The TRX system is a ubiquitous thiol-reducing system that includes TRX proteins, TRX-interacting protein (TXNIP), TRX reductase (TRXR), and NADPH. TRX proteins, cytoplasmic TRX1 and mitochondrial TRX2, protect against oxidative damage by scavenging intracellular reactive oxygen species (ROS), which leads to their oxidation. The oxidized TRX can be converted back to its reduced form by TRXR in the presence of NADPH. In addition to protection from oxidative stress, TRX proteins perform a variety of biological functions, including regulation of apoptotic cell death.3 TRX1 negatively regulates the ASK1-JNK/P38 apoptotic pathway by binding and inhibiting the kinase activity of ASK1, which plays an important role in ROS-induced cellular responses.4 Oxidative stress leads to dissociation of TRX1 from the ASK1, allowing ASK1 to form a fully activated complex by recruitment of TRAF2 and TRAF6. TRX2 is an essential regulator of ROS levels in mitochondria. TRX2 anti-apoptotic characteristics are associated with the regulation of the pro-apoptotic BCL-XL level and mitochondrial outer membrane permeability.5 The role of TRX2 in cell survival was demonstrated in TRX2-deficient mice and is characterized by massive apoptosis and early embryonic death.6

TRX activity and expression are negatively regulated by TXNIP. TXNIP directly interacts with the catalytic active center of TRX and inhibits the interaction of TRX with other proteins, including the proliferation-associated gene, or ASK-1, causing cells to be more sensitive to oxidative stress.7

The aim of this study was to analyze the involvement of the TRX protein system in RGC degeneration and to evaluate the neuroprotective effects of TRX1 and TRX2 overexpression after pharmacologic induction of oxidative stress, and in ONT and ocular hypertension rat models.8,9

METHODS

The use of animals for this study was approved by the Animal Research Committee of the University of California, Los Angeles, and was performed in compliance with the ARVO Statement for the Use of Animals in Ophthalmic and Vision Research.
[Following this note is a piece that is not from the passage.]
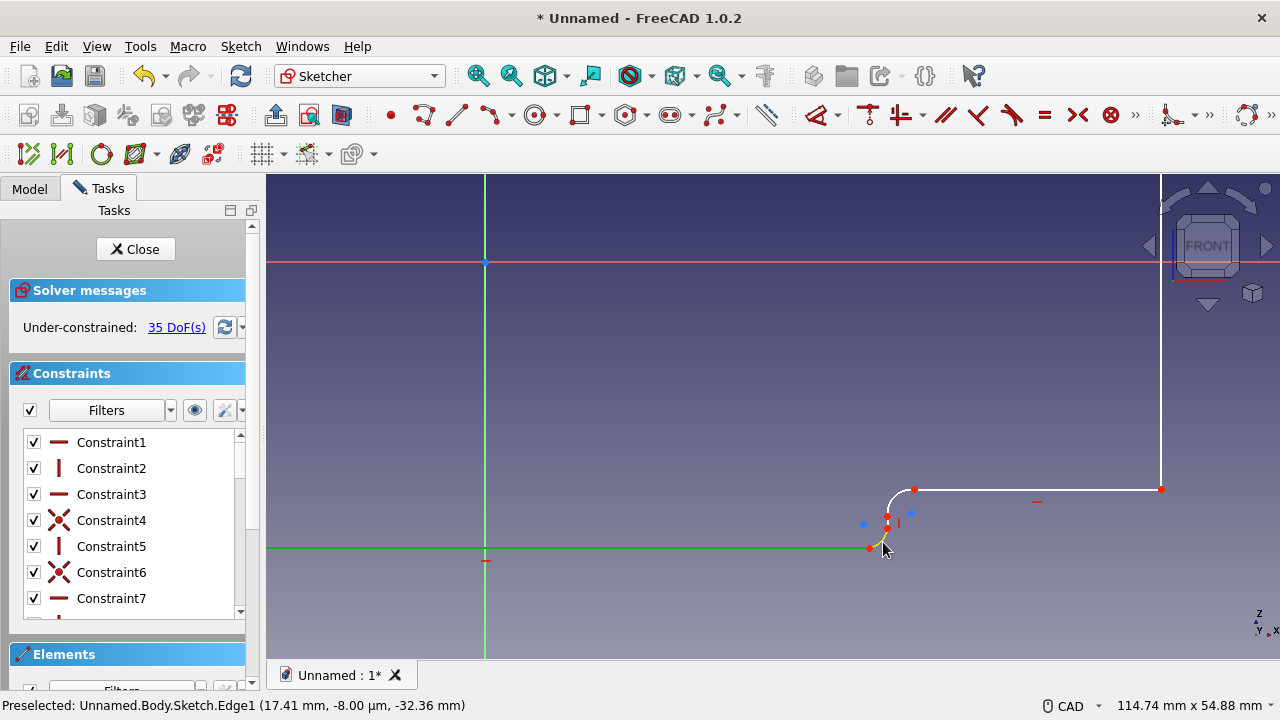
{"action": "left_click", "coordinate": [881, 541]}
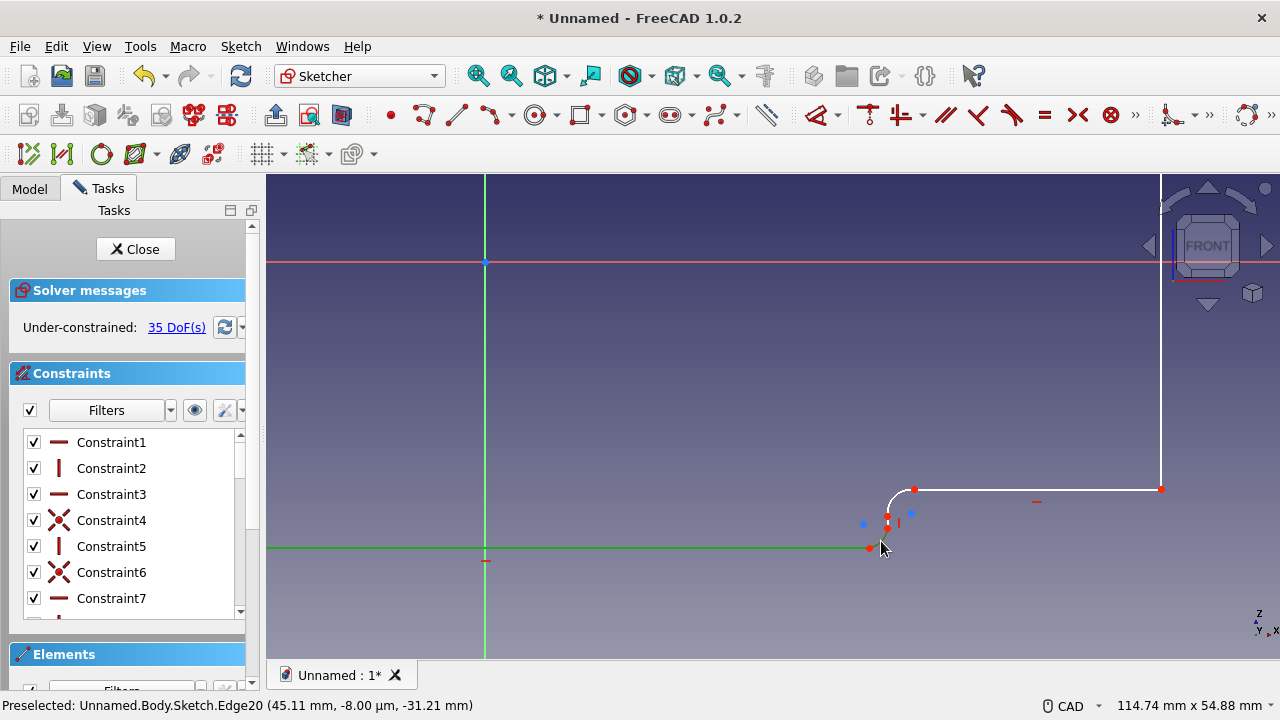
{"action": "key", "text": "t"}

To generate the ONT model, the optic nerve of the anesthetized adult male Wistar rat was exposed through a lateral conjunctival incision, and the optic nerve sheath was incised 2 mm longitudinally, starting at a point 3 mm behind the globe. A cross section of the optic nerve was made without damaging the adjacent blood supply. A rat ocular hypertension model was generated as previously described.10 Briefly, anesthetized rats were injected intracamerally with 10 μL of 35% india ink in 0.01M PBS. Five days later, approximately 200 laser burns were delivered ab externo to the pigmented trabecular band at diode laser settings of 532 nm, 200 μm diameter, 150 to 200 mW, and 0.20 second duration. Intraocular pressure (IOP) measurements were monitored once a week in the awake state 1 hour after initiation of the dark phase in a 12-hour light, 12-hour dark cycle.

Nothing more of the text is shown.